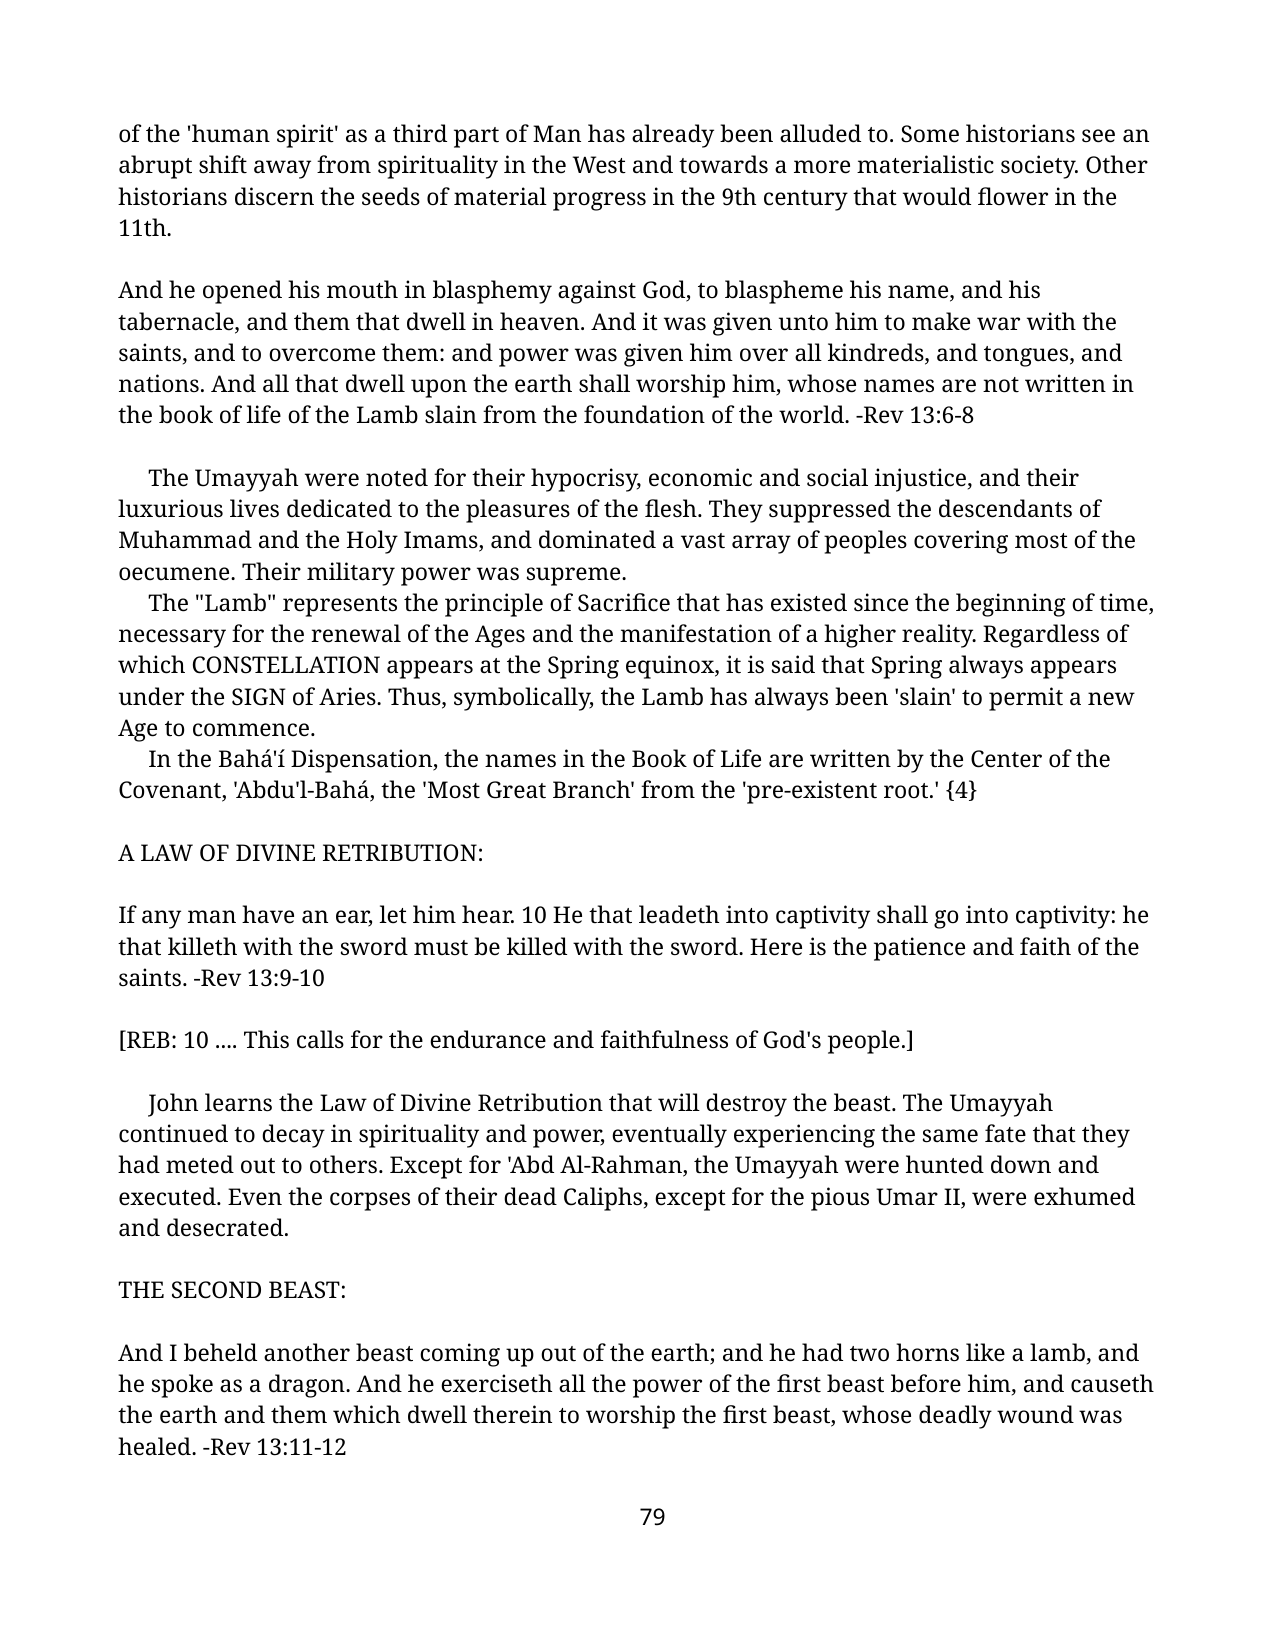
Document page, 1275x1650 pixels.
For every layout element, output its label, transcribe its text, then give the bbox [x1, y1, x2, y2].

text In the Bahá'í Dispensation, the names in the Book of Life are written by the Center of the Covenant, 'Abdu'l-Bahá, the 'Most Great Branch' from the 'pre-existent root.' {4} [118, 743, 1157, 806]
text And I beheld another beast coming up out of the earth; and he had two horns like a lamb, and he spoke as a dragon. And he exerciseth all the power of the first beast before him, and causeth the earth and them which dwell therein to worship the first beast, whose deadly wound was healed. -Rev 13:11-12 [118, 1337, 1157, 1462]
text The Umayyah were noted for their hypocrisy, economic and social injustice, and their luxurious lives dedicated to the pleasures of the flesh. They suppressed the descendants of Muhammad and the Holy Imams, and dominated a vast array of peoples covering most of the oecumene. Their military power was supreme. [118, 462, 1157, 587]
text THE SECOND BEAST: [118, 1274, 1157, 1306]
text [REB: 10 .... This calls for the endurance and faithfulness of God's people.] [118, 1024, 1157, 1056]
text of the 'human spirit' as a third part of Man has already been alluded to. Some historians see an abrupt shift away from spirituality in the West and towards a more materialistic society. Other historians discern the seeds of material progress in the 9th century that would flower in the 11th. [118, 118, 1157, 243]
text If any man have an ear, let him hear. 10 He that leadeth into captivity shall go into captivity: he that killeth with the sword must be killed with the sword. Here is the patience and faith of the saints. -Rev 13:9-10 [118, 899, 1157, 993]
text And he opened his mouth in blasphemy against God, to blaspheme his name, and his tabernacle, and them that dwell in heaven. And it was given unto him to make war with the saints, and to overcome them: and power was given him over all kindreds, and tongues, and nations. And all that dwell upon the earth shall worship him, whose names are not written in the book of life of the Lamb slain from the foundation of the world. -Rev 13:6-8 [118, 274, 1157, 431]
text The "Lamb" represents the principle of Sacrifice that has existed since the beginning of time, necessary for the renewal of the Ages and the manifestation of a higher reality. Regardless of which CONSTELLATION appears at the Spring equinox, it is said that Spring always appears under the SIGN of Aries. Thus, symbolically, the Lamb has always been 'slain' to permit a new Age to commence. [118, 587, 1157, 743]
text John learns the Law of Divine Retribution that will destroy the beast. The Umayyah continued to decay in spirituality and power, eventually experiencing the same fate that they had meted out to others. Except for 'Abd Al-Rahman, the Umayyah were hunted down and executed. Even the corpses of their dead Caliphs, except for the pious Umar II, were exhumed and desecrated. [118, 1087, 1157, 1243]
text A LAW OF DIVINE RETRIBUTION: [118, 837, 1157, 868]
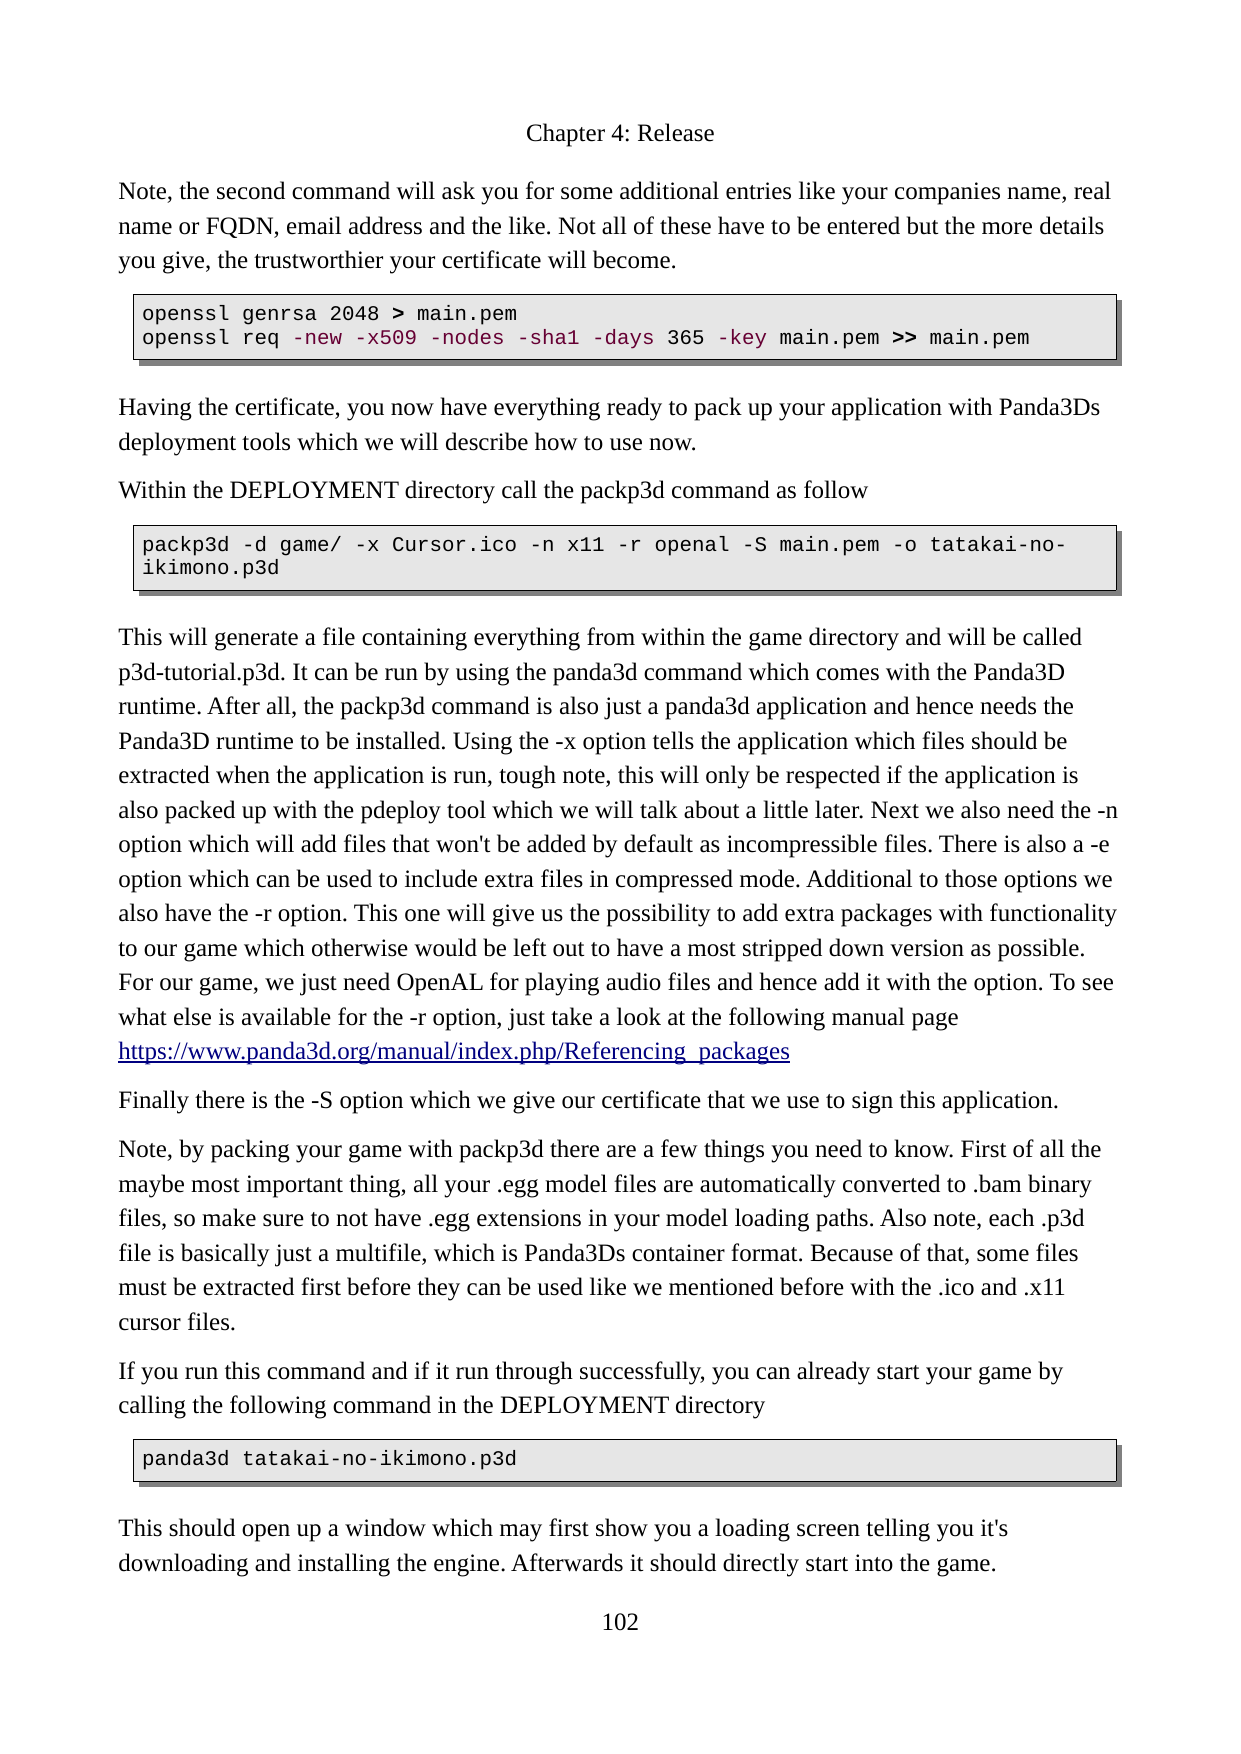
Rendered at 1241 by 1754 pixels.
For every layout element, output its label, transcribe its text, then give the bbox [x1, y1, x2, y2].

text packp3d -d game/ -x Cursor.ico -n x11 -r openal -S main.pem -o tatakai-no-ikimono.p3d [134, 526, 1116, 590]
text Having the certificate, you now have everything ready to pack up your application with Panda3Ds deployment tools which we will describe how to use now. [118, 392, 1122, 455]
text panda3d tatakai-no-ikimono.p3d [134, 1440, 1116, 1481]
text Finally there is the -S option which we give our certificate that we use to sign this application. [118, 1085, 1122, 1114]
text Within the DEPLOYMENT directory call the packp3d command as follow [118, 476, 1122, 504]
text openssl genrsa 2048 > main.pem [134, 295, 1116, 318]
text Note, by packing your game with packp3d there are a few things you need to know. First of all the maybe most important thing, all your .egg model files are automatically converted to .bam binary files, so make sure to not have .egg extensions in your model loading paths. Also note, each .p3d file is basically just a multifile, which is Panda3Ds container format. Because of that, some files must be extracted first before they can be used like we mentioned before with the .ico and .x11 cursor files. [118, 1134, 1122, 1335]
text If you run this command and if it run through successfully, you can already start your game by calling the following command in the DEPLOYMENT directory [118, 1356, 1122, 1419]
text This should open up a window which may first show you a loading screen telling you it's downloading and installing the engine. Afterwards it should directly start into the game. [118, 1513, 1122, 1577]
text Note, the second command will ask you for some additional entries like your companies name, real name or FQDN, email address and the like. Not all of these have to be entered but the more details you give, the trustworthier your certificate will become. [118, 176, 1122, 274]
text This will generate a file containing everything from within the game directory and will be called p3d-tutorial.p3d. It can be run by using the panda3d command which comes with the Panda3D runtime. After all, the packp3d command is also just a panda3d application and hence needs the Panda3D runtime to be installed. Using the -x option tells the application which files should be extracted when the application is run, tough note, this will only be respected if the application is also packed up with the pdeploy tool which we will talk about a little later. Next we also need the -n option which will add files that won't be added by default as incompressible files. There is also a -e option which can be used to include extra files in compressed mode. Additional to those options we also have the -r option. This one will give us the possibility to add extra packages with functionality to our game which otherwise would be left out to have a most stripped down version as possible. For our game, we just need OpenAL for playing audio files and hence add it with the option. To see what else is available for the -r option, just take a look at the following manual page https://www.panda3d.org/manual/index.php/Referencing_packages [118, 622, 1122, 1065]
text openssl req -new -x509 -nodes -sha1 -days 365 -key main.pem >> main.pem [134, 318, 1116, 359]
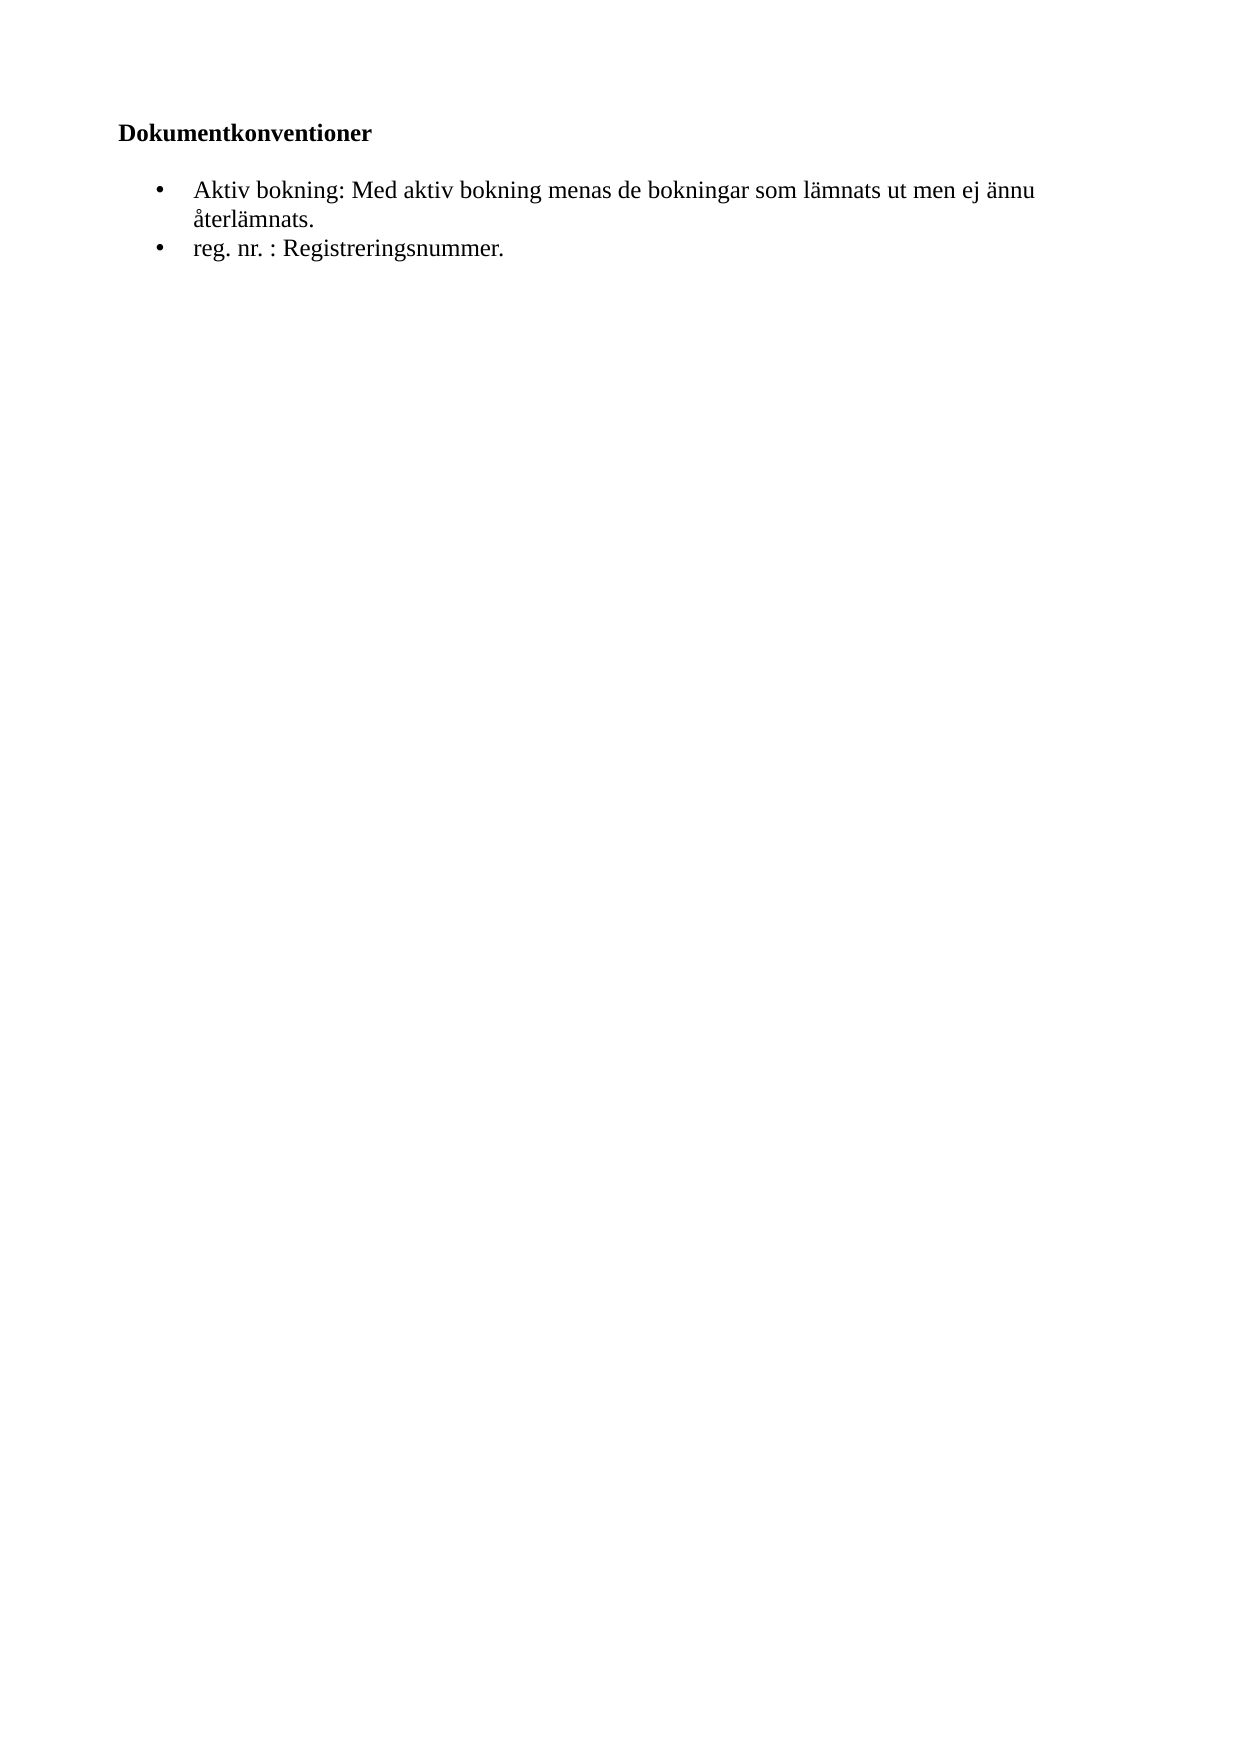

● ● ●

* _EXERCISE_: Every line from the one holding "text This should" to the last line of the listing above, inclusive, must appear exactly as written, and no picture may appear.

* _TASK ANSWER_:
text This should open up a window which may first show you a loading screen telling you it's downloading and installing the engine. Afterwards it should directly start into the game. [118, 1513, 1122, 1577]
text Note, the second command will ask you for some additional entries like your companies name, real name or FQDN, email address and the like. Not all of these have to be entered but the more details you give, the trustworthier your certificate will become. [118, 176, 1122, 274]
text This will generate a file containing everything from within the game directory and will be called p3d-tutorial.p3d. It can be run by using the panda3d command which comes with the Panda3D runtime. After all, the packp3d command is also just a panda3d application and hence needs the Panda3D runtime to be installed. Using the -x option tells the application which files should be extracted when the application is run, tough note, this will only be respected if the application is also packed up with the pdeploy tool which we will talk about a little later. Next we also need the -n option which will add files that won't be added by default as incompressible files. There is also a -e option which can be used to include extra files in compressed mode. Additional to those options we also have the -r option. This one will give us the possibility to add extra packages with functionality to our game which otherwise would be left out to have a most stripped down version as possible. For our game, we just need OpenAL for playing audio files and hence add it with the option. To see what else is available for the -r option, just take a look at the following manual page https://www.panda3d.org/manual/index.php/Referencing_packages [118, 622, 1122, 1065]
text openssl req -new -x509 -nodes -sha1 -days 365 -key main.pem >> main.pem [134, 318, 1116, 359]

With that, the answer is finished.